Transfiguration Today is Attainable:
God Changed Moses
Exodus 24:12-18~ God calls Moses into HIS presence, and Moses is never the same

  • Our Exodus text starts with an invitation: God calls Moses to join Him on the mountain, specifically to receive the Law. Moses goes to the mountain and waits for further instruction from Yahweh. The Lord then calls Moses into the cloud of His glory to speak with Him.
  • Moses was before change: a murderer, on the run, in hiding

God Changed Jesus
Matthew 17:1-5

  • Today is called Transfiguration Sunday; it’s the day where we remember Jesus’ Transfiguration on the mountain top, flanked by Moses and Elijah. The account is found in Matthew 17:1-5:
  • And after six days Jesus took with him Peter and James, and John his brother, and led them up a high mountain by themselves. And he was transfigured before them, and his face shone like the sun, and his clothes became white as light. And behold, there appeared to them Moses and Elijah, talking with him. And Peter said to Jesus, “Lord, it is good that we are here. If you wish, I will make three tents here, one for you and one for Moses and one for Elijah.” He was still speaking when, behold, a bright cloud overshadowed them, and a voice from the cloud said, “This is my beloved Son,[a] with whom I am well pleased; listen to him.”

  • Remember, Jesus didn’t hold on to His equality with God, according to Philippians 2:5-8 He became one of us, fully human.

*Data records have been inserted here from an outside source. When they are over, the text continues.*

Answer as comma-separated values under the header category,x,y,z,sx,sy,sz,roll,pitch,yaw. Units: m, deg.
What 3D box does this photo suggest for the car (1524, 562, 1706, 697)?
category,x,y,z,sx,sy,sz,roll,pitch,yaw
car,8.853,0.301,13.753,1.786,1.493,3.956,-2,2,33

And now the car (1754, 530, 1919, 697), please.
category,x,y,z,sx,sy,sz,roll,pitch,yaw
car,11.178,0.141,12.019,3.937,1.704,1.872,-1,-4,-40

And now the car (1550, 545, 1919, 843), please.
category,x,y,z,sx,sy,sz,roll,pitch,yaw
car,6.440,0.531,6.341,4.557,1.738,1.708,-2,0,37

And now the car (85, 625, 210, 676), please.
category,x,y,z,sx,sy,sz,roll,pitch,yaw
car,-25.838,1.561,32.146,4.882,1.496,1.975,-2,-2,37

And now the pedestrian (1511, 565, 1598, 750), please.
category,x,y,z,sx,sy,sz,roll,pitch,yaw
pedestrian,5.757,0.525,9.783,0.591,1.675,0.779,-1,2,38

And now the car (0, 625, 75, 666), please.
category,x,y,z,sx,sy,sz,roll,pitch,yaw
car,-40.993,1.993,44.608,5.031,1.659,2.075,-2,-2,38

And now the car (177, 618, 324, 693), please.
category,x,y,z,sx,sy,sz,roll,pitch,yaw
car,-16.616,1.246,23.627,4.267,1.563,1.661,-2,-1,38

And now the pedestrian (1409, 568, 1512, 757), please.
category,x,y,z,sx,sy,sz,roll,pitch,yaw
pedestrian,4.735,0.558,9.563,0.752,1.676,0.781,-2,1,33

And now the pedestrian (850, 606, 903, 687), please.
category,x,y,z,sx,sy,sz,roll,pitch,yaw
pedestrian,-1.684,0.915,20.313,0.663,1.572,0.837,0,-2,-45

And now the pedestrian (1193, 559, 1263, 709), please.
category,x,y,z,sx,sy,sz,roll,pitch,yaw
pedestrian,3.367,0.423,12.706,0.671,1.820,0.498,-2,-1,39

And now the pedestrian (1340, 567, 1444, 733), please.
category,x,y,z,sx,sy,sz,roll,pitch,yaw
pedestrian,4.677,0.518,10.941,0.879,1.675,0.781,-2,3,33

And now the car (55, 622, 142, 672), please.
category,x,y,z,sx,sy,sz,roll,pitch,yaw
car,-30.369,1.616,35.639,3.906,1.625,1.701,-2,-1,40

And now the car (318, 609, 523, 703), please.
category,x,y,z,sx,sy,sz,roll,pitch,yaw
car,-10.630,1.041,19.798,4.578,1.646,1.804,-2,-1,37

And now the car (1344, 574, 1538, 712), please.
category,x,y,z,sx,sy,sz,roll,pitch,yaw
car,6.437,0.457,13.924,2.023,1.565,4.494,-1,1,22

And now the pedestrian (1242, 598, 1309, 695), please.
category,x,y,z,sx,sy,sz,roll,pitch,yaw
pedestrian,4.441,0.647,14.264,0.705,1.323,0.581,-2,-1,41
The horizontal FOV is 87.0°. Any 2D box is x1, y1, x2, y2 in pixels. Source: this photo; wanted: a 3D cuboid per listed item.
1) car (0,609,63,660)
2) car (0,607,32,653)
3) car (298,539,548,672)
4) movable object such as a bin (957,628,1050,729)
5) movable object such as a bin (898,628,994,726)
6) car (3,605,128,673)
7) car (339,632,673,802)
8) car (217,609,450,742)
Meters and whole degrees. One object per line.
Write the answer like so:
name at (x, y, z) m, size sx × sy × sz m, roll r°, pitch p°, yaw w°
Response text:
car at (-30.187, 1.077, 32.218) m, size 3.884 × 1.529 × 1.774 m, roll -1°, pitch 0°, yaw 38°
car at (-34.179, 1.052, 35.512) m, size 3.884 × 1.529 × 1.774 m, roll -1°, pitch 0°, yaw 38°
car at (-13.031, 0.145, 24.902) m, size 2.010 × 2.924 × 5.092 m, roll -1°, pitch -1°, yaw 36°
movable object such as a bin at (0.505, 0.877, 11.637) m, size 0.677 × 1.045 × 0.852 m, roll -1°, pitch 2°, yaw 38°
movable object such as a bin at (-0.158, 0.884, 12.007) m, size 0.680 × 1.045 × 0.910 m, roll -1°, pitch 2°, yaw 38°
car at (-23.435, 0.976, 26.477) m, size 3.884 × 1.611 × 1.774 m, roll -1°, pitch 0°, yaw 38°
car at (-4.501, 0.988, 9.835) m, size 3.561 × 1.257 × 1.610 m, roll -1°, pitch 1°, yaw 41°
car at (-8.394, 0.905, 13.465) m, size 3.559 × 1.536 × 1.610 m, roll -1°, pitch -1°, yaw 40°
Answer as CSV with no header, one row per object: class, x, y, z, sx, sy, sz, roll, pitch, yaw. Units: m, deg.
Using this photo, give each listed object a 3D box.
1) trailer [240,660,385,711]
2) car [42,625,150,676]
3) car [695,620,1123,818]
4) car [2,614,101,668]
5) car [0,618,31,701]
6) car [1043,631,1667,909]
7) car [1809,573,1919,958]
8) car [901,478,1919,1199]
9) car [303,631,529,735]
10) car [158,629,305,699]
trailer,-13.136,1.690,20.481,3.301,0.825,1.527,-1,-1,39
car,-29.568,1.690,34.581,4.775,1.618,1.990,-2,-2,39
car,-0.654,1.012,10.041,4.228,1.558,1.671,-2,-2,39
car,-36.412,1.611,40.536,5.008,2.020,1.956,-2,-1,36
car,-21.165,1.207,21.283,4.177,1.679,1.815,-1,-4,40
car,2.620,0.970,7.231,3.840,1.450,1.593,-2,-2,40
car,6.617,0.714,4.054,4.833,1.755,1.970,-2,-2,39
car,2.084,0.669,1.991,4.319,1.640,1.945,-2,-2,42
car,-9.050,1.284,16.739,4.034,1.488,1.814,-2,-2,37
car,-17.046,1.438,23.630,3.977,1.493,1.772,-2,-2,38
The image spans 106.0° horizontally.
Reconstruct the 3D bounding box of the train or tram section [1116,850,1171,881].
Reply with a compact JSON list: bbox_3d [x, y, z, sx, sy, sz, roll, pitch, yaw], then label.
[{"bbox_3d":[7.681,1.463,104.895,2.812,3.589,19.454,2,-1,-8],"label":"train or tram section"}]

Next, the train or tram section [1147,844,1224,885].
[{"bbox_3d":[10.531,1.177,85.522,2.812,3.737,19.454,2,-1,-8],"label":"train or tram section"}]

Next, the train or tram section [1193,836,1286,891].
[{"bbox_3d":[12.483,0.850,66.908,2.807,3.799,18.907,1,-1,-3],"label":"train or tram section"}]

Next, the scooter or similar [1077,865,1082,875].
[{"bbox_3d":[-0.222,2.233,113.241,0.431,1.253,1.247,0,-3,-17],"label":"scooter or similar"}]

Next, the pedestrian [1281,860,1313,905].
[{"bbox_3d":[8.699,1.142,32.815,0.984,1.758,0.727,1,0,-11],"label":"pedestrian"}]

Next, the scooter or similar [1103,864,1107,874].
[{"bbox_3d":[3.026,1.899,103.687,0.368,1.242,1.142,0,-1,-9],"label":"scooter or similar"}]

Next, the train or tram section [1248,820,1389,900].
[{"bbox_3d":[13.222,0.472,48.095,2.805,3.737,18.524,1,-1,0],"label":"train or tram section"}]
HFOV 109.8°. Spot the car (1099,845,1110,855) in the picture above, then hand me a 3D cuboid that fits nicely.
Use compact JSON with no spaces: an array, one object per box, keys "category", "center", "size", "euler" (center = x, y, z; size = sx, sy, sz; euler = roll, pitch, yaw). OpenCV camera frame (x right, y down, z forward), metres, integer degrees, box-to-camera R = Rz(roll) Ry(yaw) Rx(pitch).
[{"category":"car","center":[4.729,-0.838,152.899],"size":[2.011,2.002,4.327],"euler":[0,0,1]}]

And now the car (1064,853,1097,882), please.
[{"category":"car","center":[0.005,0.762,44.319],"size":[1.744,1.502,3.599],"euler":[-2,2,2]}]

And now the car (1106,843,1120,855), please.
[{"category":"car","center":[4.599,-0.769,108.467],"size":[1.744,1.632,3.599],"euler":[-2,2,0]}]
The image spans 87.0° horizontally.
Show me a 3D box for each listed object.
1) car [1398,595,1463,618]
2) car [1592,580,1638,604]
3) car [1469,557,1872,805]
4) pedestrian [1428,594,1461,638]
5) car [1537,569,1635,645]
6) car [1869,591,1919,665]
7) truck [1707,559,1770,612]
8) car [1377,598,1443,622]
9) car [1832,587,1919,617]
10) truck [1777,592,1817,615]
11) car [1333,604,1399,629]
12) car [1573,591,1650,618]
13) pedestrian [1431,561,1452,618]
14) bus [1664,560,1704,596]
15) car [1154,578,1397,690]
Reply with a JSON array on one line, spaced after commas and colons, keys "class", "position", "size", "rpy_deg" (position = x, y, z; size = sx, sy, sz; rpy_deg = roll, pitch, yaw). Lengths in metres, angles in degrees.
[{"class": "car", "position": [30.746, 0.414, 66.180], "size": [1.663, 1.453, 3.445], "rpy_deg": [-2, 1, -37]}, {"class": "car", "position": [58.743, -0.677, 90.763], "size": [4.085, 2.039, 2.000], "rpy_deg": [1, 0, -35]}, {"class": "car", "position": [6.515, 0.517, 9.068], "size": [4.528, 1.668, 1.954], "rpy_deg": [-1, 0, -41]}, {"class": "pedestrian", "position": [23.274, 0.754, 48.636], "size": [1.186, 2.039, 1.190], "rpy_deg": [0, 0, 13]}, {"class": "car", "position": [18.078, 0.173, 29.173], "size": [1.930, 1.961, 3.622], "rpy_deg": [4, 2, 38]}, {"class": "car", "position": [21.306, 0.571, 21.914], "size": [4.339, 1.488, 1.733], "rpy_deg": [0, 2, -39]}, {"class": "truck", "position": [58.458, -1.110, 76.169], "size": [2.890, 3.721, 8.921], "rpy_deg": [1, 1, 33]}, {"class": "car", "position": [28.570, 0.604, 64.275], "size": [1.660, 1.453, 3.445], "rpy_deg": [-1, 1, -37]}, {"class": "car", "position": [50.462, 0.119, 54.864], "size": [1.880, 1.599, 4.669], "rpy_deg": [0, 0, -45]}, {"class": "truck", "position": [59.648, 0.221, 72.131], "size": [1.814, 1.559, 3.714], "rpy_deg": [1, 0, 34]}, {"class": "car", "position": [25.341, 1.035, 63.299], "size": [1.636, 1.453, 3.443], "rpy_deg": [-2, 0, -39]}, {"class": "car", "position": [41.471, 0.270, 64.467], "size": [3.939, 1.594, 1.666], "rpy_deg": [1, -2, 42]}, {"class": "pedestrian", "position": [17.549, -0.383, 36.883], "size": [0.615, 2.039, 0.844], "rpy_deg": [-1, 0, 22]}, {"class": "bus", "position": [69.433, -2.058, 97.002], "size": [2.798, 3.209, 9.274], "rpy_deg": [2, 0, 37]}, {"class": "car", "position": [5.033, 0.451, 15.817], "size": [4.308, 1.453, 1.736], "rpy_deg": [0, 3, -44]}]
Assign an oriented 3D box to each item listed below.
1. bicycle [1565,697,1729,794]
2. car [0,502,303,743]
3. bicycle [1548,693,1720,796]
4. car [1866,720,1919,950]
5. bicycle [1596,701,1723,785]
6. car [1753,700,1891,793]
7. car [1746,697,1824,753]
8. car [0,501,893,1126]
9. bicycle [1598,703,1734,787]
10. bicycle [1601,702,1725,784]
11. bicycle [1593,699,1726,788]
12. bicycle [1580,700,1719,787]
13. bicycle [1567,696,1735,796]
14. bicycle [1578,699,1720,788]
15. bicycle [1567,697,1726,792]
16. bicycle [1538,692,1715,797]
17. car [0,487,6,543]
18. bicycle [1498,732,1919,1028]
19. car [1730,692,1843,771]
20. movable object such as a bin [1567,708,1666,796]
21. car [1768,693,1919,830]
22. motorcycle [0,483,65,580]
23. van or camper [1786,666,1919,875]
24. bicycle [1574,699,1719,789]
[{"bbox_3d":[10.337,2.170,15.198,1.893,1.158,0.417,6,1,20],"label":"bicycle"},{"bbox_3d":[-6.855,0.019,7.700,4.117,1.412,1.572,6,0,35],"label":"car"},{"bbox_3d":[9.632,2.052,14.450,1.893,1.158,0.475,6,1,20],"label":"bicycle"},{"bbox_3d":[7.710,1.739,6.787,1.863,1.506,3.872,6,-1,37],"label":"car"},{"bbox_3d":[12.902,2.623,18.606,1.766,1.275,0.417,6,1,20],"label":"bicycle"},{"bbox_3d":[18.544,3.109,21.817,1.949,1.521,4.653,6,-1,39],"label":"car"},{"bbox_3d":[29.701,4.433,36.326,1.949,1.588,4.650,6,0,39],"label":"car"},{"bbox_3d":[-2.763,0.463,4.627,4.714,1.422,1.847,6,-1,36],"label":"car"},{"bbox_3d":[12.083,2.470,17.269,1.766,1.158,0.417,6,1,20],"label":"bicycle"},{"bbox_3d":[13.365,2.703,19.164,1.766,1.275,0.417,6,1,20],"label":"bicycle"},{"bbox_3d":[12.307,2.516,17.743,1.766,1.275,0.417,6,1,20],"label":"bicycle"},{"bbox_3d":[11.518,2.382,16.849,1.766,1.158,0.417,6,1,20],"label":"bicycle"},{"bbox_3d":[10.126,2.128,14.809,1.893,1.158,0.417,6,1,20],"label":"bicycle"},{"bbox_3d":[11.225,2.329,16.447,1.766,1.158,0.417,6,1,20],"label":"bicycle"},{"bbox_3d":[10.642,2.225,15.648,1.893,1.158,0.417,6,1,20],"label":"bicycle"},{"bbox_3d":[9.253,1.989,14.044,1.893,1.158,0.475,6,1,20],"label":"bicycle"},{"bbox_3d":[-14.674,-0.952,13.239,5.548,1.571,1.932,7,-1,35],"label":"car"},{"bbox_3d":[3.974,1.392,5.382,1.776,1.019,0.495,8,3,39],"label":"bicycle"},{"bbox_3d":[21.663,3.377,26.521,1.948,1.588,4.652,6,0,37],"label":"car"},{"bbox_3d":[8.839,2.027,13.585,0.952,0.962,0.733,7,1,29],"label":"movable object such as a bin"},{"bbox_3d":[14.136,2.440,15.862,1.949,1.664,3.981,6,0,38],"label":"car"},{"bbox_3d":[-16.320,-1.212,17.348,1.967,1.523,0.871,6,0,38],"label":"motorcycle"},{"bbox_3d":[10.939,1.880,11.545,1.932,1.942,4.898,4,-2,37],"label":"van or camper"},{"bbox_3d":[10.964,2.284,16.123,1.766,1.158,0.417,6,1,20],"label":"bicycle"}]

And just as Moses reflected God’s glory in his face when he came into Yahweh’s presence, so did Jesus.

God Changed Peter
2 Peter 1:16-21~ Peter was changed because of

  • v16 what he witnessed (majesty)
  • v17/18 what he heard (God’s Call)
  • v19 what he has read (Scripture)
  • v20/21 what he has received (Spirit)

We remember on Transfiguration Sunday that God is STILL in the business of changing lives. He changed Moses from a criminal on the run to the Lawgiver of Israel; He changed Peter from a headstrong fisherman to a heart-strong fisher of men; and as Jesus was transfigured by letting the glory of God shine through, we too can be changed by God’s Majesty, Call, Word, and Spirit.

Ming the Merciless (my personal transformation this last weekend)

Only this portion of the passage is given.